Fergal had paced the room many times and knew it to be twelve steps long and
eight wide. At one end of the room stood the stone fireplace his father had
built. It provided heat and light, as well as the place where all their meals
were cooked. It was dark inside, even in the summer months, and Fergal much
preferred being outside. His father had spoken of extending it when time and
money allowed, but that seemed a distant prospect.
As
the Donegal rain began to fall more heavily and thunder groaned and rumbled
like a distant giant, Fergal headed for the cottage to start the fire for
cooking the morning meal. He also had to rouse his father, who was once more
heading to the estate to offer his labour in lieu of rent.
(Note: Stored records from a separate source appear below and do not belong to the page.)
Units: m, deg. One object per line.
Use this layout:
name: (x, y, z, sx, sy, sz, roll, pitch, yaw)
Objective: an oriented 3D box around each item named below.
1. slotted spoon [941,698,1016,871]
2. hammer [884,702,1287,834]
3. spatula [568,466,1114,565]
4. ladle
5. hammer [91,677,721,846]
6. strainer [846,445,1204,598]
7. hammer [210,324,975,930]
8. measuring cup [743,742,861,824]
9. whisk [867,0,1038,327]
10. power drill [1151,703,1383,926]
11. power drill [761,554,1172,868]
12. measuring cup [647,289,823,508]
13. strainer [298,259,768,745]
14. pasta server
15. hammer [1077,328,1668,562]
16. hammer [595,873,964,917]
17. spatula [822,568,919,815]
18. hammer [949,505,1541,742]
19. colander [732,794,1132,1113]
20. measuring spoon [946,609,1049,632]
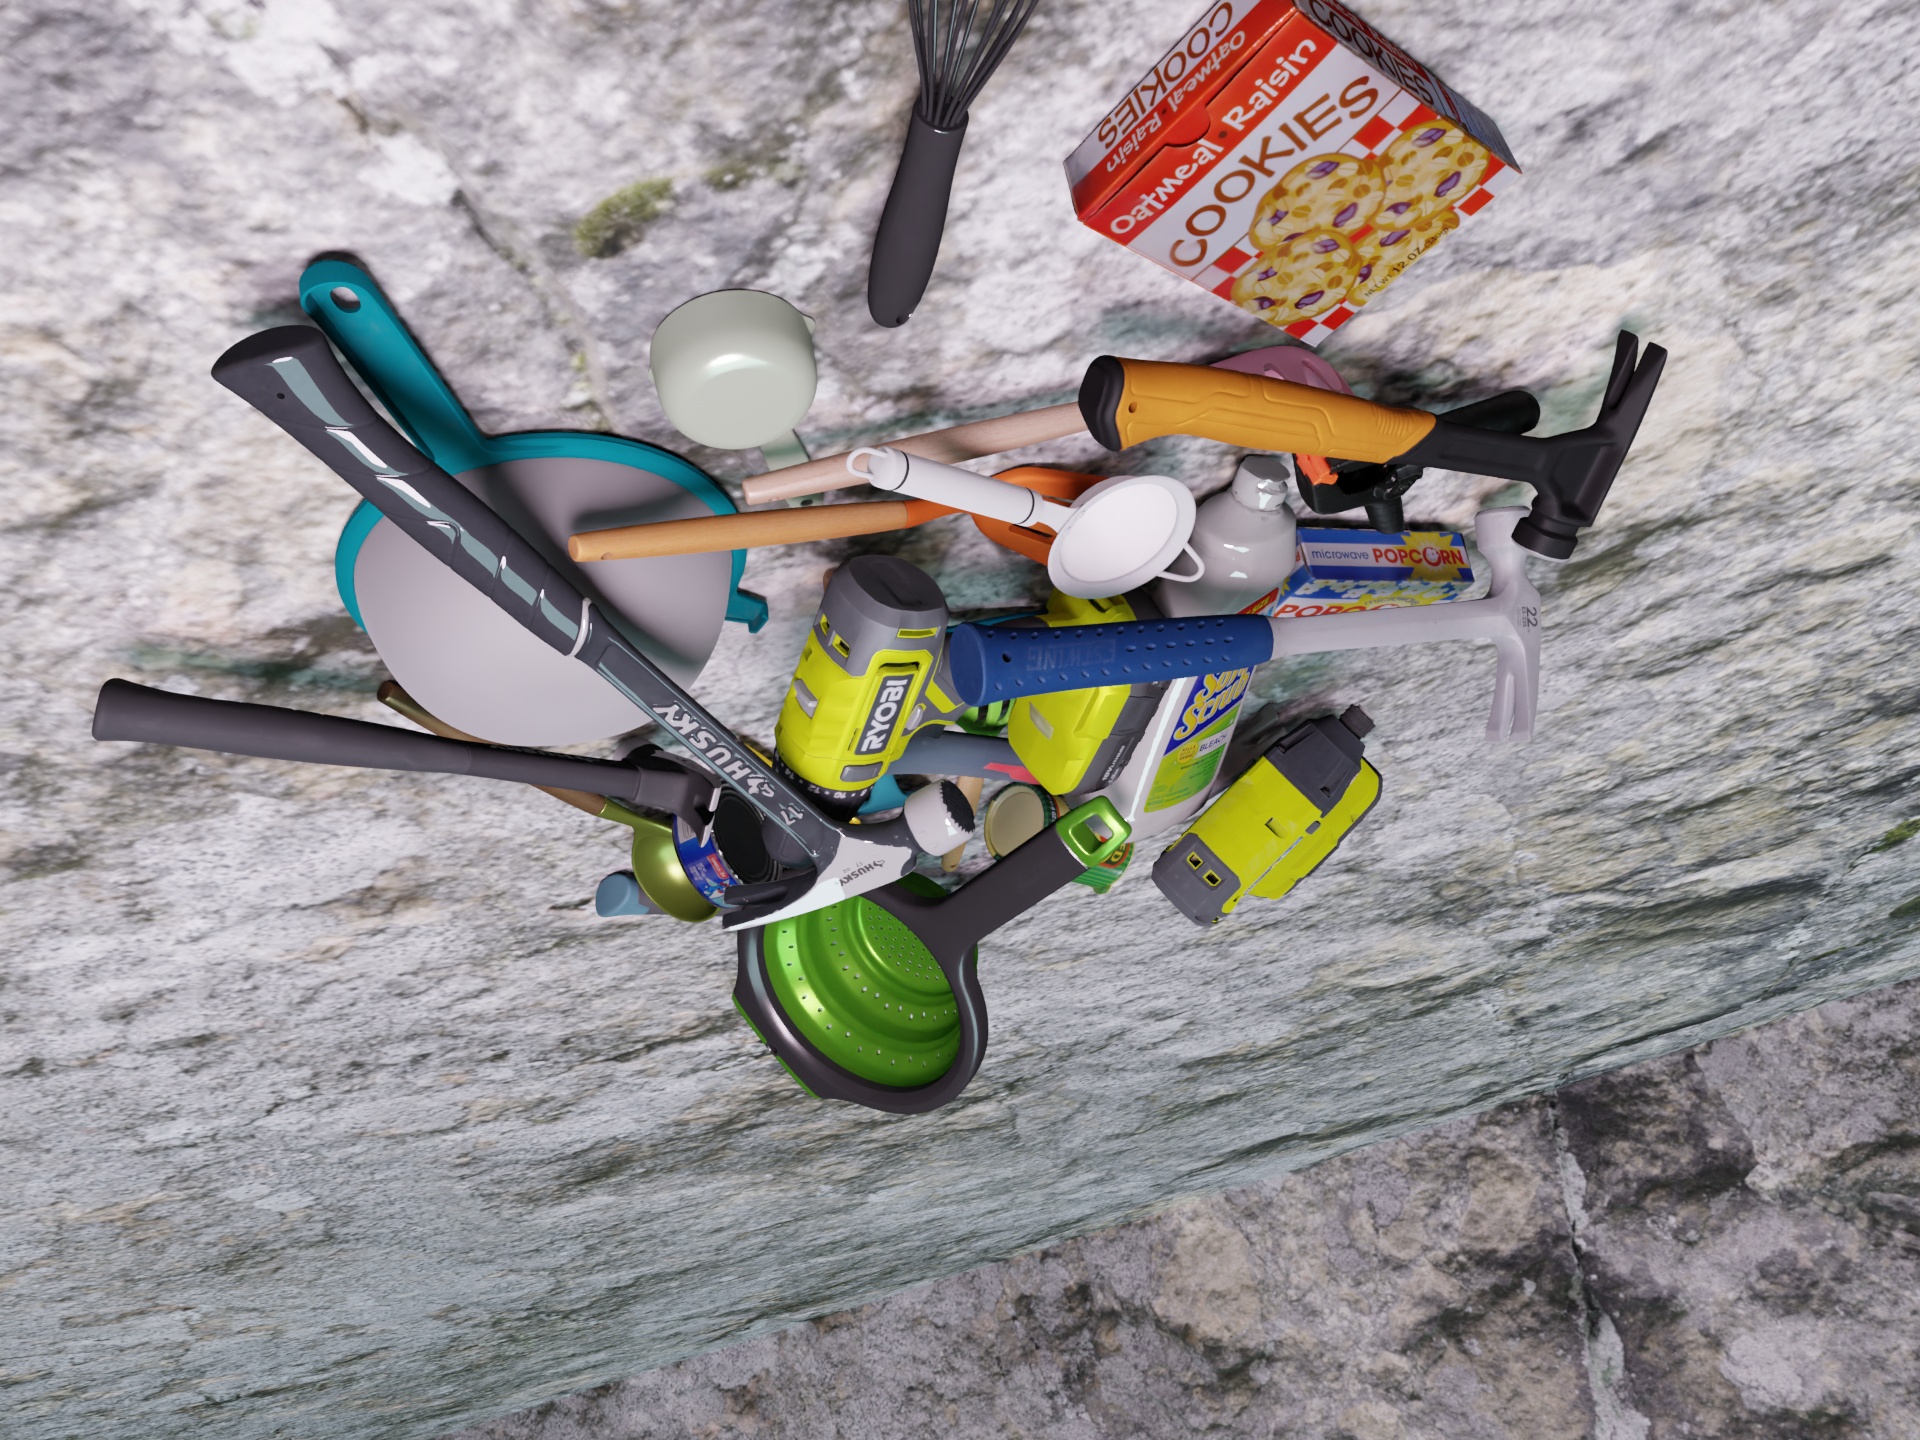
slotted spoon: (0.010, 0.040, 1.144, 0.070, 0.031, 0.313, -13, 153, -15)
hammer: (0.070, 0.021, 1.075, 0.386, 0.038, 0.143, 8, 142, -47)
spatula: (-0.047, -0.098, 0.822, 0.322, 0.041, 0.081, -11, 153, -36)
ladle: (-0.254, 0.057, 1.024, 0.078, 0.062, 0.319, -1, 156, 30)
hammer: (-0.287, 0.019, 0.868, 0.334, 0.035, 0.146, 10, -174, -36)
strainer: (0.037, -0.108, 0.799, 0.258, 0.050, 0.087, 7, 133, -48)
hammer: (-0.168, -0.030, 0.744, 0.149, 0.036, 0.408, -30, 128, 21)
measuring cup: (-0.123, 0.054, 1.084, 0.062, 0.029, 0.156, 11, 159, 36)
whisk: (-0.009, -0.238, 0.630, 0.055, 0.055, 0.238, -5, 154, -16)
power drill: (0.224, 0.060, 1.093, 0.171, 0.080, 0.223, -47, 165, 10)
power drill: (-0.001, -0.003, 0.901, 0.228, 0.080, 0.190, -6, 133, -37)
measuring cup: (-0.093, -0.137, 0.772, 0.083, 0.038, 0.167, -17, 149, 5)
strainer: (-0.220, -0.074, 0.767, 0.211, 0.095, 0.340, -16, 152, 2)
pasta server: (0.047, -0.143, 0.801, 0.316, 0.040, 0.060, -15, 167, -12)
hammer: (0.209, -0.151, 0.795, 0.336, 0.034, 0.127, 1, 121, -28)
hammer: (-0.115, 0.139, 1.240, 0.330, 0.033, 0.128, 4, 155, -26)
spatula: (-0.062, -0.003, 1.041, 0.082, 0.044, 0.317, -12, 146, -2)
hammer: (0.179, -0.041, 0.887, 0.405, 0.144, 0.035, -7, -179, -29)
colander: (-0.006, 0.136, 1.103, 0.397, 0.204, 0.094, -39, -179, 41)
measuring spoon: (0.002, -0.062, 0.979, 0.128, 0.021, 0.042, -10, 149, -27)

Fergal knew that the
hard physical labour his father endured for six days each week had made him
strong and durable, but he also knew from watching his grandfather, that in
time, age would take its inevitable toll on him. For now, he admired his
father’s strength and his ability to turn his hand to most things. He had a
quiet air of authority about him and seldom needed to tell his children to do
something twice. For all of that, he was a kind man and a good father.
As
John O’Sullivan dressed for his day’s labour, the noise of approaching horses
drew his attention. He stepped outside his modest home and watched the
Constables approach. There were eight mounted Police officers approaching the
farm. He could see the ghostly breath of the horses on the damp morning air as
they came to a halt a few yards from the cabin. The leader, a bearded sergeant
called Campbell, dismounted with two of his fellows and approached John as his
children watched tentatively from the dark doorway of the cabin. Campbell was a
stocky man with dark suspicious eyes. ‘John O’Sullivan, tis yourself,’ the
Sergeant began, stopping a yard from the tall farmer. ‘Well now, if it isn’t
Thomas Campbell, one time sheep stealer and now an officer of the law, no
less?’ The Policeman’s face remained unchanged, ‘I have reason to believe you
attended an illegal and seditious meeting yesterday and under the terms of the
Protection of the Person and Property in Ireland Act, I have been ordered to
bring you into custody. For the sake of your family, I suggest you come
peacefully.’
John
O’Sullivan’s fists clenched as he looked into the eyes of the Policeman, ‘what
happened to you Thomas, that you so mistreat your own people?’ Campbell nodded to his underlings, ‘seize him
and hold him fast.’ Two burly policemen grabbed O’Sullivan roughly by the arms
and held him tightly as Campbell approached, drawing his baton. ‘You and your
kind are not my people,’ he hissed as he delivered a backhanded, blow with his
baton across O’Sullivan’s face. Fergal heard his mother scream as more blows
were delivered and his father fell to his knees, spitting blood into the mud at
his tormentor’s feet.
A
burning anger filled Fergal O’Sullivan as he watched the scene unfold. He
seized the peat spade by the door and ran towards his father. One of the
mounted Policemen, seeing his intention, spurred his horse forward and blocked
his path. Fergal swung the spade with all the force he could muster at the
man’s booted leg. There was a scream of pain and the policeman roared, ‘arrrgh!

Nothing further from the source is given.